_EXERCISE AIM_
Whenever a line in the data holds the string "Extra", pull that line out.

[Entries taken from a collection]

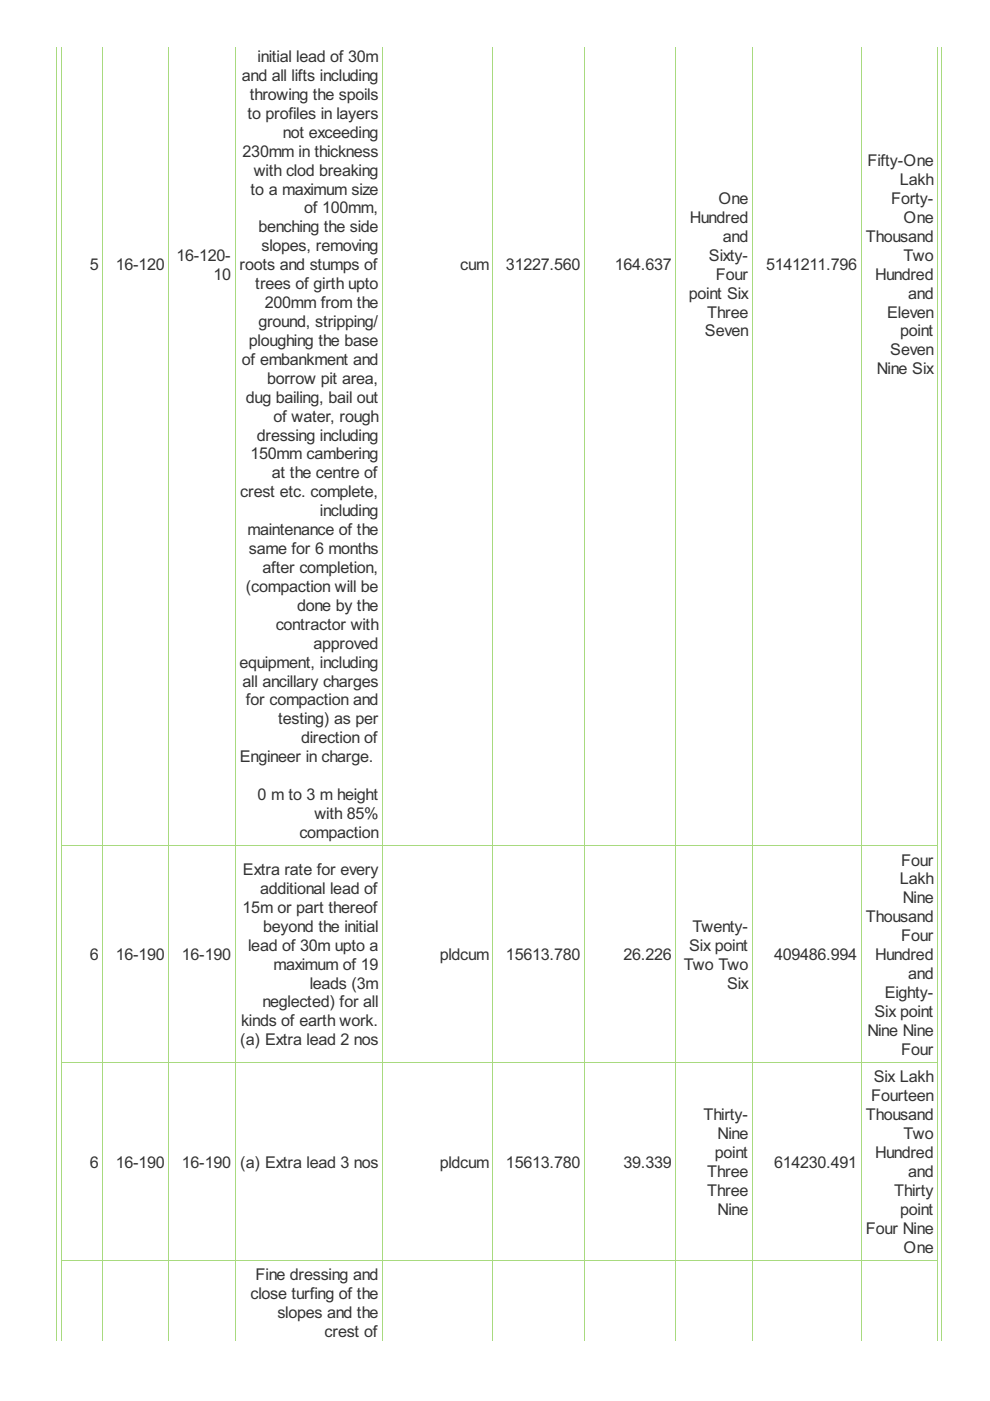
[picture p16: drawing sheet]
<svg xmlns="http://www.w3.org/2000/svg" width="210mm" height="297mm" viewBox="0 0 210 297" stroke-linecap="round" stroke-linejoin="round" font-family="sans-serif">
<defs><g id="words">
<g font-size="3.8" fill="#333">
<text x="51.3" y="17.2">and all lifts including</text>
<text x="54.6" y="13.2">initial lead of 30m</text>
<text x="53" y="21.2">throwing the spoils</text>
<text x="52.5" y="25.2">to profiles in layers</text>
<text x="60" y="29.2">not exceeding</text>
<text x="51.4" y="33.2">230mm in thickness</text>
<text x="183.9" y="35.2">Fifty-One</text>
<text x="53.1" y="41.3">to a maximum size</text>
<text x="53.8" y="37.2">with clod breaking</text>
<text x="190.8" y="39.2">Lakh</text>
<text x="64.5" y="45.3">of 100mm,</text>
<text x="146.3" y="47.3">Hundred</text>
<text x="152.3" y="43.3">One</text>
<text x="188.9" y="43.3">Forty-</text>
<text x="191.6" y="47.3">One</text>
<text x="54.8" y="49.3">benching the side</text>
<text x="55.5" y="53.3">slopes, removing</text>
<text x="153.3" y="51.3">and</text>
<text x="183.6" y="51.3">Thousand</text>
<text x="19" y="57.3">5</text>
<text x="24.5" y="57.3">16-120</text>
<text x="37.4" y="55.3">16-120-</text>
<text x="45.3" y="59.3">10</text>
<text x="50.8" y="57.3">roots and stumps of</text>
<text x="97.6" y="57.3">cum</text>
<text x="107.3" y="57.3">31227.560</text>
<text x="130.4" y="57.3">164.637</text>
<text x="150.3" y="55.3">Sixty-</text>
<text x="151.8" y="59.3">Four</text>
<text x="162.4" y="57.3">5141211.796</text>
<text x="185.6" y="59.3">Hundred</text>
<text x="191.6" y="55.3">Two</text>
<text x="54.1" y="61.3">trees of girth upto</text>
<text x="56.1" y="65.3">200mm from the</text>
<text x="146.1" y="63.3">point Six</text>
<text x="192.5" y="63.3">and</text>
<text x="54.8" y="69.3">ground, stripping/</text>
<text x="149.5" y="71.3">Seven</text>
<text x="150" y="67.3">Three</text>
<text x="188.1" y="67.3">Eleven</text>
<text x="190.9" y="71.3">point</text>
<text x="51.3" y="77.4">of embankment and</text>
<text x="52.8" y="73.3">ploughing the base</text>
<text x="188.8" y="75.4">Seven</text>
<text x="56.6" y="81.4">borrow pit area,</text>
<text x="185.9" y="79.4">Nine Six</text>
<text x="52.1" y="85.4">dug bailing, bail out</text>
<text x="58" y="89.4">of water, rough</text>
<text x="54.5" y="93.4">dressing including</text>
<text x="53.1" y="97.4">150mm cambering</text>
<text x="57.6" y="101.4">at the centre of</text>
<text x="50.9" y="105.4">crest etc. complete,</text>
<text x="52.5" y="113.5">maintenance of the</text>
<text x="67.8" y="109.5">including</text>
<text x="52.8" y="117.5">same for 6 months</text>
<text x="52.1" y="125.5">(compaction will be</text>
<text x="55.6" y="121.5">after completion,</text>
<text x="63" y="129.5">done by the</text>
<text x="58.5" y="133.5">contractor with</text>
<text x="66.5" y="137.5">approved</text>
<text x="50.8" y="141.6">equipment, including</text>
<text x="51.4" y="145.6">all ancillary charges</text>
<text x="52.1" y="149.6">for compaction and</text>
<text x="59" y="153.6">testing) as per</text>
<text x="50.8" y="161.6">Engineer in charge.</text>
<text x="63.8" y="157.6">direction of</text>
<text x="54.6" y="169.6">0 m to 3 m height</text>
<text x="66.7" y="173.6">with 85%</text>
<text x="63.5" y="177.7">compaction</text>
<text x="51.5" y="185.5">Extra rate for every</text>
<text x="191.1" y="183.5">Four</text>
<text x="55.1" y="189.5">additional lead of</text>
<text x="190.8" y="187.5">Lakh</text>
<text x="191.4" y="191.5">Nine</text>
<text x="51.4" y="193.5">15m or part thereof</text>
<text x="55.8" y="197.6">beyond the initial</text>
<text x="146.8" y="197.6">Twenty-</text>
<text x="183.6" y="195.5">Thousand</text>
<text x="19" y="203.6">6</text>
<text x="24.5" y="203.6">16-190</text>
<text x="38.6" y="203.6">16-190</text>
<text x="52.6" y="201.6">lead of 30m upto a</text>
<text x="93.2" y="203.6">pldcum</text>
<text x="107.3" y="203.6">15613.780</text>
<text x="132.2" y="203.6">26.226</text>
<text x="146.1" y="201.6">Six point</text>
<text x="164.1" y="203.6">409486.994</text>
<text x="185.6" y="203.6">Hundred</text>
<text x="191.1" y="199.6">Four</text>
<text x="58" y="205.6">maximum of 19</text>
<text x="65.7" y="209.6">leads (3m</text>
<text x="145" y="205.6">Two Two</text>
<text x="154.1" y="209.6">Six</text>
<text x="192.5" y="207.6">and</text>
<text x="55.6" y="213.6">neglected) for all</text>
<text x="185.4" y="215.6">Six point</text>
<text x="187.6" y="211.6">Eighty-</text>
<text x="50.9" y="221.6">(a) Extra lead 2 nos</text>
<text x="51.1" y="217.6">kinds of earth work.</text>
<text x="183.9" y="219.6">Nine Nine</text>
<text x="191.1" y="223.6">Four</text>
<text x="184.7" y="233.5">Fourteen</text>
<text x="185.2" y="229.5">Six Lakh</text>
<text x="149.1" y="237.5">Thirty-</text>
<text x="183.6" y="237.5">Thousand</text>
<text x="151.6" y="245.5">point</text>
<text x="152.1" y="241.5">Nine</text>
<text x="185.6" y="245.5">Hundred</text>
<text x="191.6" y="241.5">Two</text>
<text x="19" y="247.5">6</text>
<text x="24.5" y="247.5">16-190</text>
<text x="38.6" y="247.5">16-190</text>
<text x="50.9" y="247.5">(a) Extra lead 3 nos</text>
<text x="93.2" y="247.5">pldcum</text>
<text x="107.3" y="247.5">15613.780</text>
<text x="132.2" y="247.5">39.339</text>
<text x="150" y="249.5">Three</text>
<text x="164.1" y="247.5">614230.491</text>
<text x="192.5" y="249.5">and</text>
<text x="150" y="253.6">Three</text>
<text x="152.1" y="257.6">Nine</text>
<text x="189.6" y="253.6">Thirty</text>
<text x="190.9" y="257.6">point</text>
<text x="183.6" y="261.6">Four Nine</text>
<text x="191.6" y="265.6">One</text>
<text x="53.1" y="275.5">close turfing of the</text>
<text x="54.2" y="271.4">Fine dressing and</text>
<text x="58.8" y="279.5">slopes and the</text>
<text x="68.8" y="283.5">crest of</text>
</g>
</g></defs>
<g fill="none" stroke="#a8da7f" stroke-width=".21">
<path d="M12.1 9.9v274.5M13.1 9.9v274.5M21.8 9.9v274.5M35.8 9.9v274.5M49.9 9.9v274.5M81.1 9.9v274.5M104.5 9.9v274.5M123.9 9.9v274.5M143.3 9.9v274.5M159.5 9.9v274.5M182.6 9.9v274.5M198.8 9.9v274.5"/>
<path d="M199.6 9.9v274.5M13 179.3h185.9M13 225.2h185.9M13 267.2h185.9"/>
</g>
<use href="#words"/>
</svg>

_TASK SOLUTION_
<text x="51.5" y="185.5">Extra rate for every</text>
<text x="50.9" y="221.6">(a) Extra lead 2 nos</text>
<text x="50.9" y="247.5">(a) Extra lead 3 nos</text>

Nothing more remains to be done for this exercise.